▼

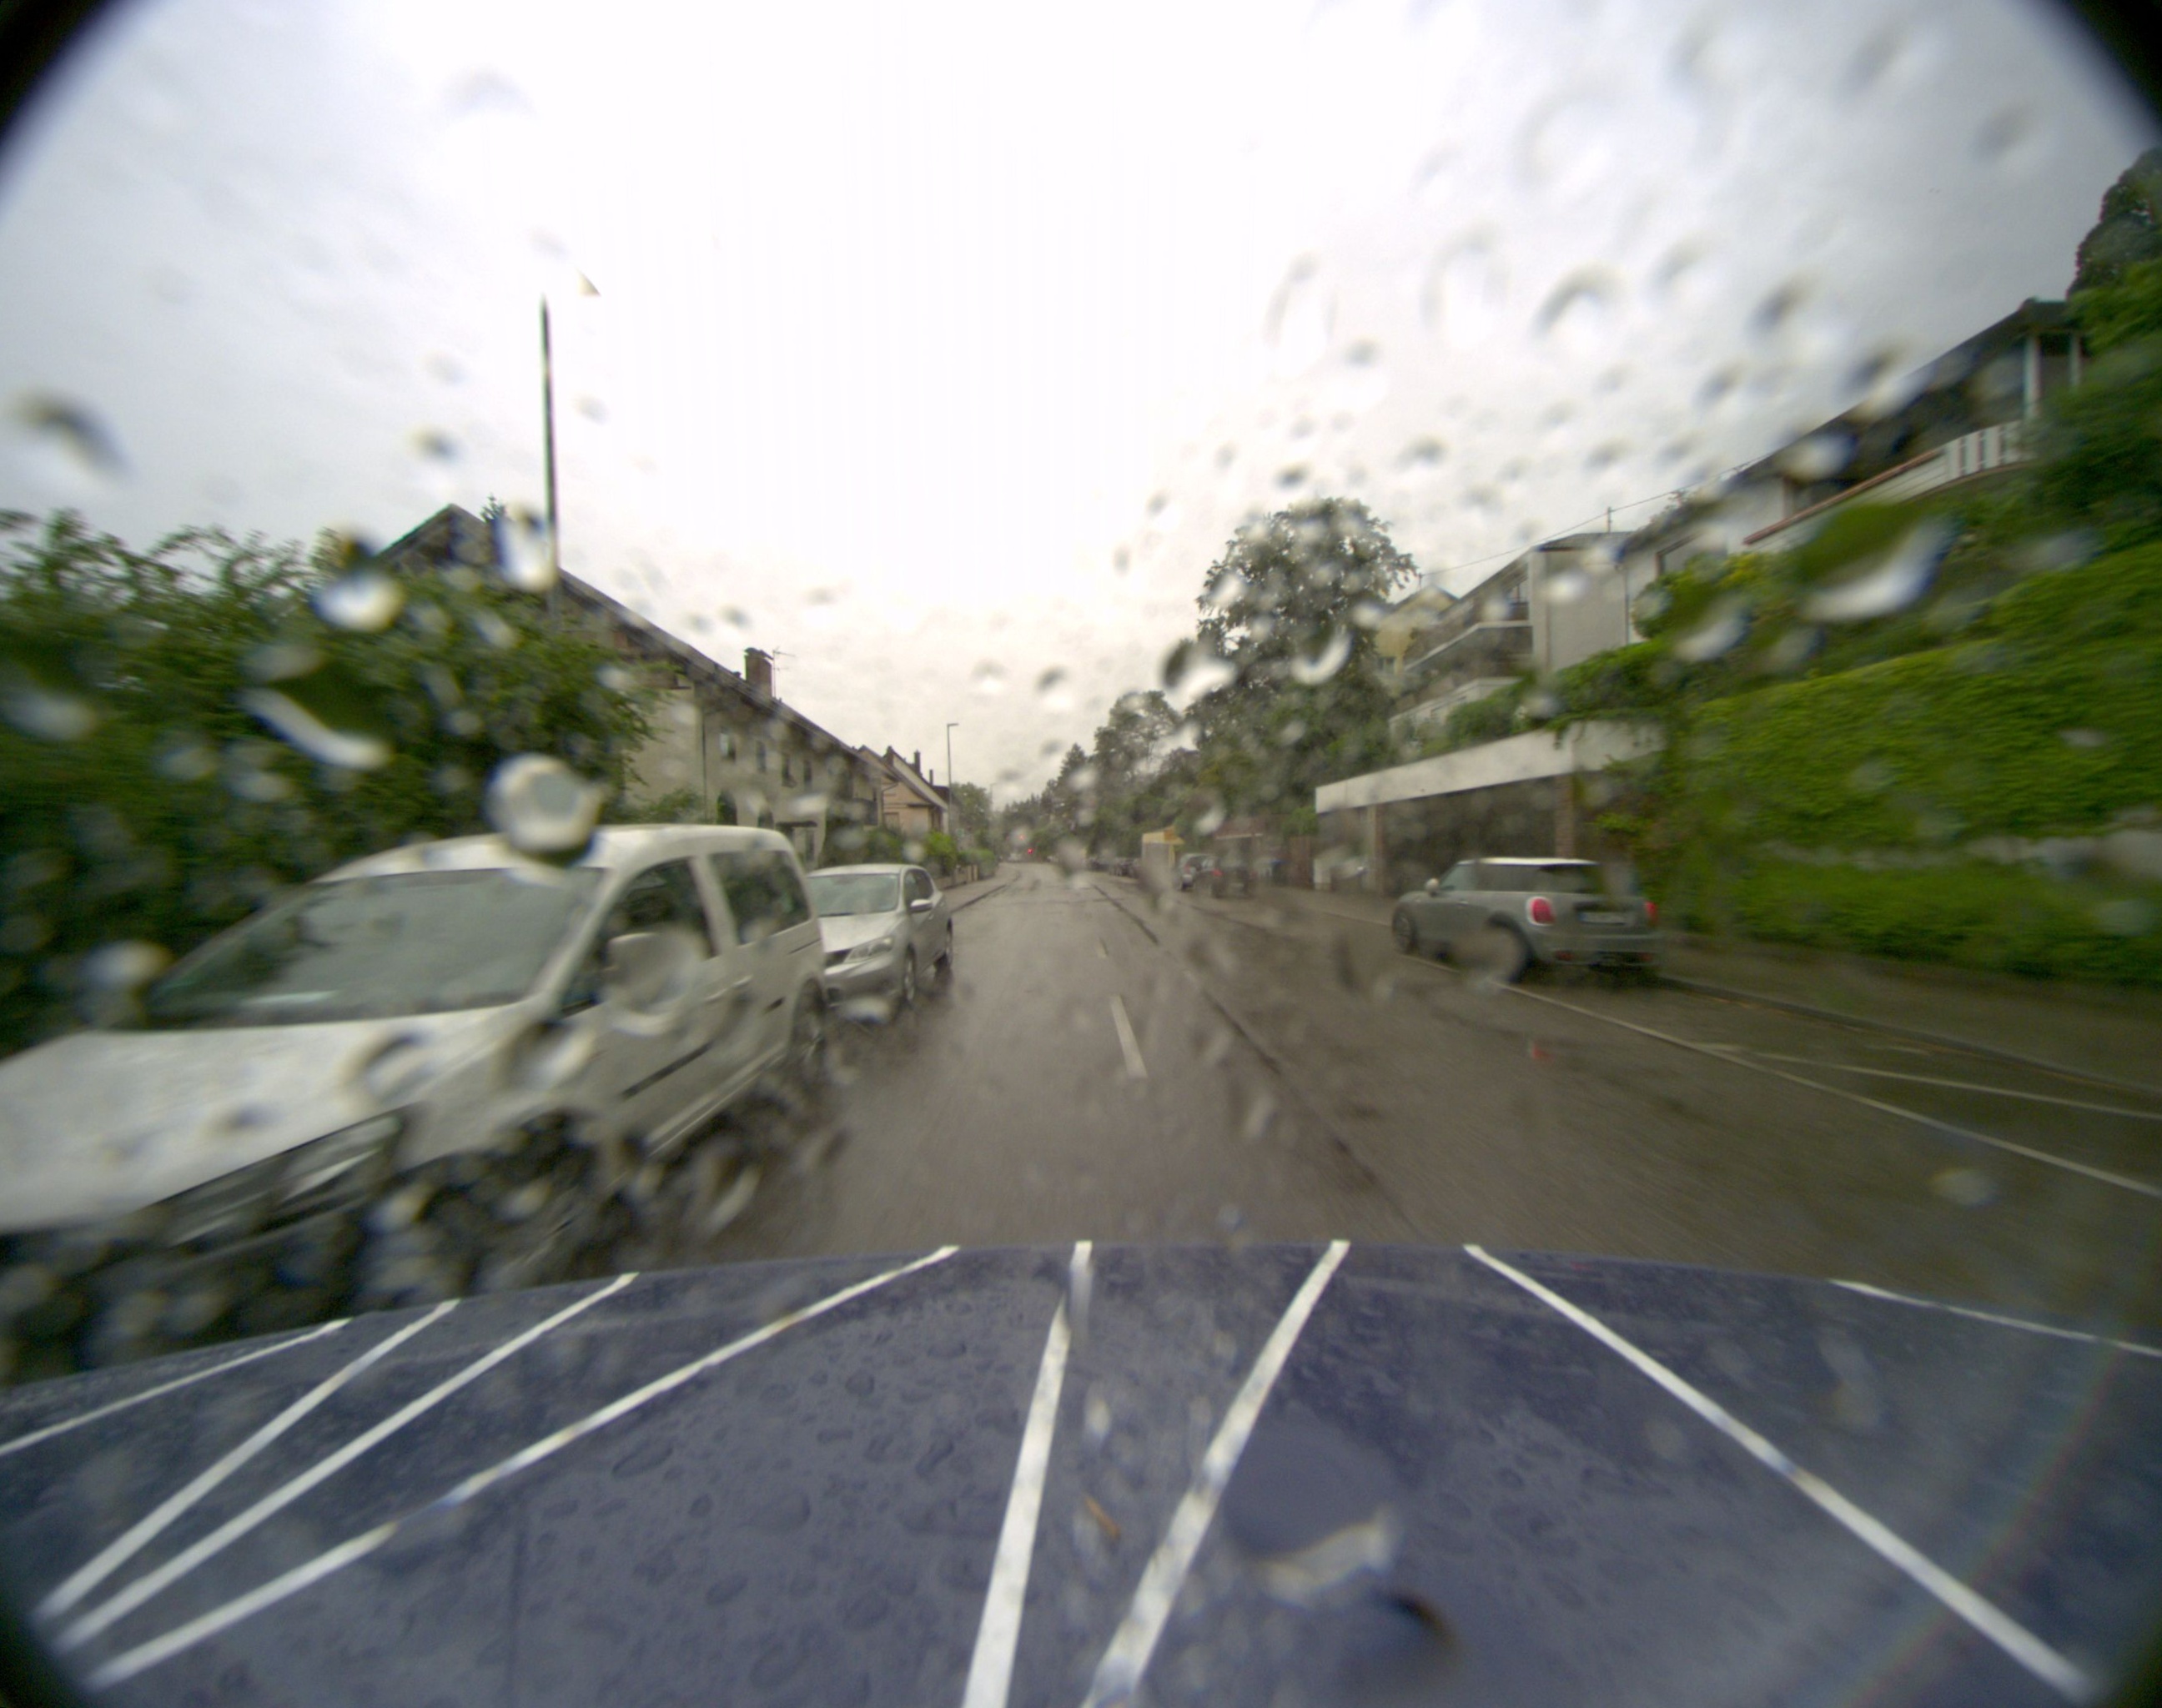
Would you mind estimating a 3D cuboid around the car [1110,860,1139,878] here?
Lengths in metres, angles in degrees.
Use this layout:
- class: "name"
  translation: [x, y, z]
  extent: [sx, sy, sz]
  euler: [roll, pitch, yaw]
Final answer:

▲

• [EXERCISE GOAL] Output the listing word for word. Drop the pictures.

• [OUTPUT FOR THIS EXERCISE]
Would you mind estimating a 3D cuboid around the car [1110,860,1139,878] here?
Lengths in metres, angles in degrees.
Use this layout:
- class: "name"
  translation: [x, y, z]
  extent: [sx, sy, sz]
  euler: [roll, pitch, yaw]
Final answer:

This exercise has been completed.